Presentation: Benefits and Limitations of RWE: Lessons From EGFR Mutation-Positive NSCLC

Video

Dr. Lyudmila Bazhenova presents a recently published article by Nazha B, et al., “Benefits and limitations of real-world evidence: lessons from EGFR mutation-positive non-small-cell lung cancer.”

Lyudmila Bazhenova, MD: Hello everybody and good evening for some. I’d like to welcome you to the Cancer Network® program, “Between the Lines, Real-World Evidence in Non-Small Cell Lung Cancer.” Today’s feature article is “Benefits and limitations of real-world evidence: lessons from EGFR mutation-positive non-small-cell lung cancer. I am Dr. Lyudmila Bazhenova, thoracic medical oncologist from the University of California San Diego. I am joined by Dr. Federico Albrecht from Baptist Health South Florida, [Miami, Florida].

The paper that we’re going to be discussing today is by Nazha and colleagues and is a review paper. The aim of this review was to provide an overview of different types of real-world observational studies. They also discuss the benefits and the limitations of what we call the real-world evidence as a complementary clinical trial data and explain how such evidence can be used to help inform treatment decisions using example from observational studies in patients with epidermal growth factor receptor [EGFR] mutation-positive non-small cell lung cancer [NSCLC].
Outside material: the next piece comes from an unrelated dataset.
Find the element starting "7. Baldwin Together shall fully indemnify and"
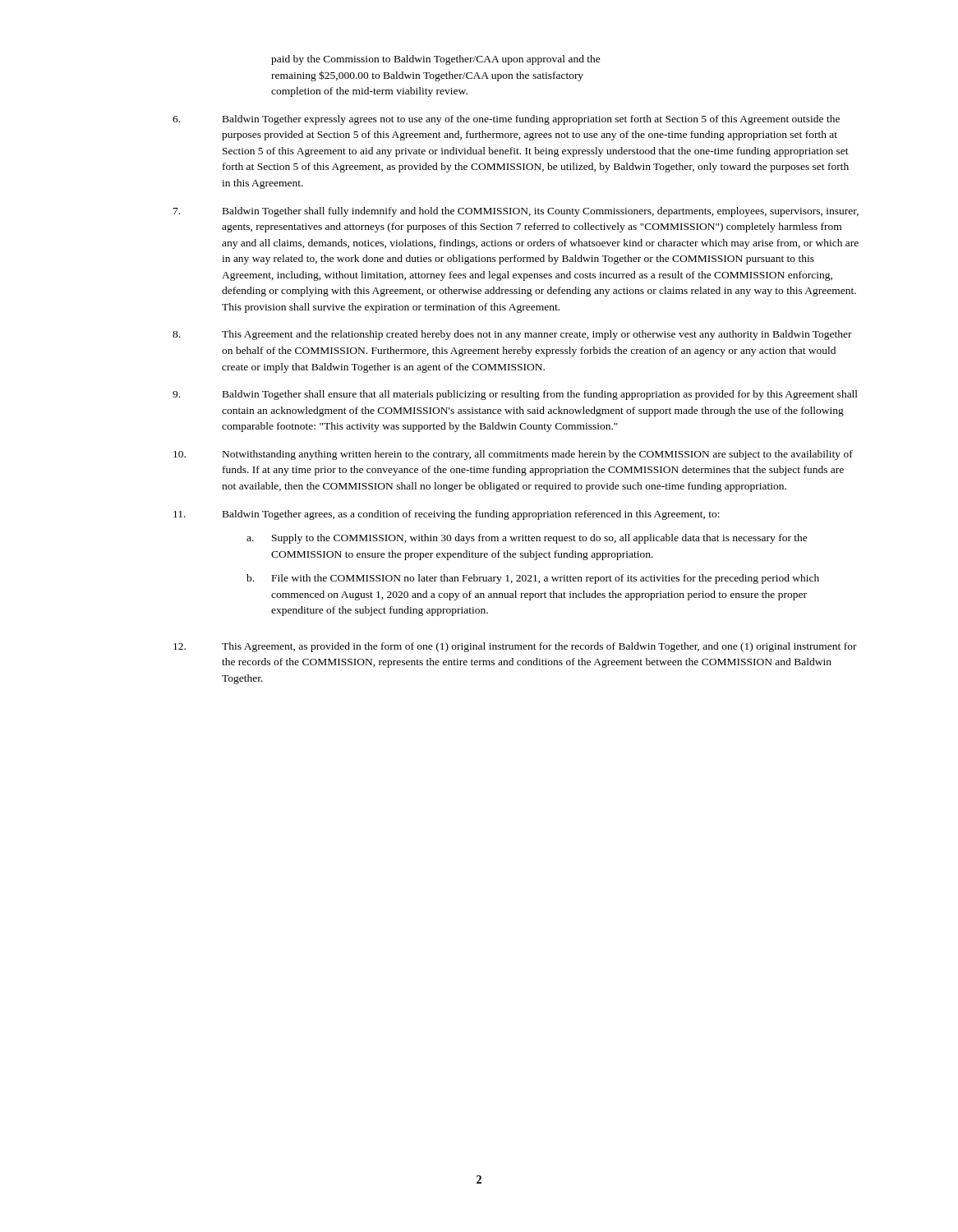Viewport: 958px width, 1232px height. point(516,259)

They did a literature review of real-world studies searching PubMed and ASCO [American Society of Clinical Oncology] congress abstracts, using search terms: real-world, observational, EGFR, non-small cell lung cancer. They collected those articles and out of that collection they selected certain papers based on their potential relevance to the topic or narrative review. Finally, they cross-checked the references for duplication of patient population, which is important.

These are the key features of randomized control clinical trials and real-world studies. When we practice we first refer to randomized clinical trials or prospective clinical trials. Real-world evidence recently came into view, and we’re starting to use this evidence a bit more frequently than before. It’s important for us to understand the difference between a randomized clinical trial and real-world studies. In this paper they come up with several categories.

The key purpose of the randomized clinical trials are to find out if the drug works, we’re asking for efficacy. In the real-world evidence we’re asking for effectiveness, which is efficacy in a real-world setting. Types of the studies; randomized control trials are interventional; real-world are observational; randomized are always prospective. Real-world studies can be both prospective and retrospective and there are strengths and weaknesses of both.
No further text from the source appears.